There’s technology out there to write language agnostic GraphQL schema, so
cylc-flow could possibly still share it’s schema with a non-python
implementation, and with use of a Redis like data store perhaps we could
migrate the UIS/Tornado to something like Apollo GraphQL Server… However:
- It would need to play nice with Jupyterhub (unless the UIS is split in two).
- I think it could interact with ZeroMQ? (https://github.com/zeromq/zeromq.js/ ?)
- We would loose other functionality imported from cylc-flow
(scanning/spawning suites, ZeroMQ server/client code …etc)
So not sure this is worth entertaining unless we are suffering in performance
after optimisation (or there is other interplay from having Apollo client &
server)..
- request for “hold all of my suites”: “workflows/*, status=held”
Already capable… Use the GraphiQL interface docs to find out (or just ask!)
- (what about: hold all tasks submitting to host X?)
Would need to add an arg for host, and possibly a field to taskProxy (and
that could be cross/multi-workflow also)
Protobuf discussion (as implemented by DS already):
decision: Protobuf is fine for the current model where UIS is >mirroring all
data in the "active view" of WFS. GraphQL backend potentially >better if in
future we can make the UIS merely a transparent conduit for exactly >what
subset of the data that the UI requests.
I think I may have spoken to this point.
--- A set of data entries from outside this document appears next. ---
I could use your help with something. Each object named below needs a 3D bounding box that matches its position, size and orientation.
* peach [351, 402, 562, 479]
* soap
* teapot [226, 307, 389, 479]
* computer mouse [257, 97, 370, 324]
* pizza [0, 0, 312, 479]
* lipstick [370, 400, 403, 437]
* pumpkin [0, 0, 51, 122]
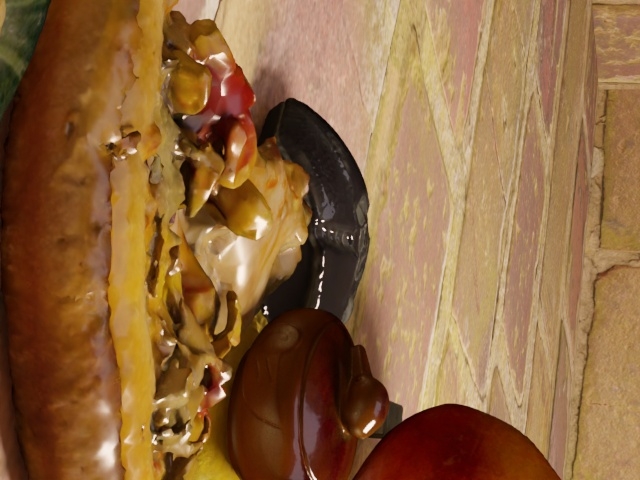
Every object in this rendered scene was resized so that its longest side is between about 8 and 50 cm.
[{"bbox_3d":[0.103,0.239,1.004,0.243,0.200,0.243,-14,90,-78],"label":"peach"},{"bbox_3d":[-0.046,0.094,0.769,0.089,0.033,0.168,72,24,-49],"label":"soap"},{"bbox_3d":[-0.002,0.097,0.725,0.098,0.078,0.129,60,34,-44],"label":"teapot"},{"bbox_3d":[0.000,0.000,0.869,0.106,0.062,0.192,-55,142,-62],"label":"computer mouse"},{"bbox_3d":[-0.068,0.028,0.629,0.287,0.074,0.251,49,48,-65],"label":"pizza"},{"bbox_3d":[0.037,0.139,1.062,0.129,0.030,0.030,34,60,-71],"label":"lipstick"},{"bbox_3d":[-0.129,-0.070,0.306,0.167,0.125,0.167,-43,147,-37],"label":"pumpkin"}]

We don’t want to place strain on the
WS by the GUI (something BOM also stressed) and it becomes highly
inefficient/impractical for multi-workflow queries… If you still want
GraphQL at the UIS (it not just be a proxy to the WS), in order to unify the
CLI we import the schema from cylc-flow so you can’t have both..
- still need protobuf feed somewhat granularized to level of nodes >and edges,
- so UIS doesn’t store edges if no one is looking at the graph view.
- Ask DS not to granularize further than this, if not strictly needed.
Not sure there’s a massive benefit from doing this… I think we could
definitely only sync when a user is connected.. In the spawn-on-demand era we
may have to generate edges and nodes on the fly from the workflow pattern
(else looking into the future might be hampered), but we still have to store
“what happened” somewhere..
Future:
- WFS populate in memory DB (redis etc.) … then UIS can just query >the DB?
Could be beneficial if directly exposed (like redis), then no need for data store sync with WS => UIS (as they would both use this).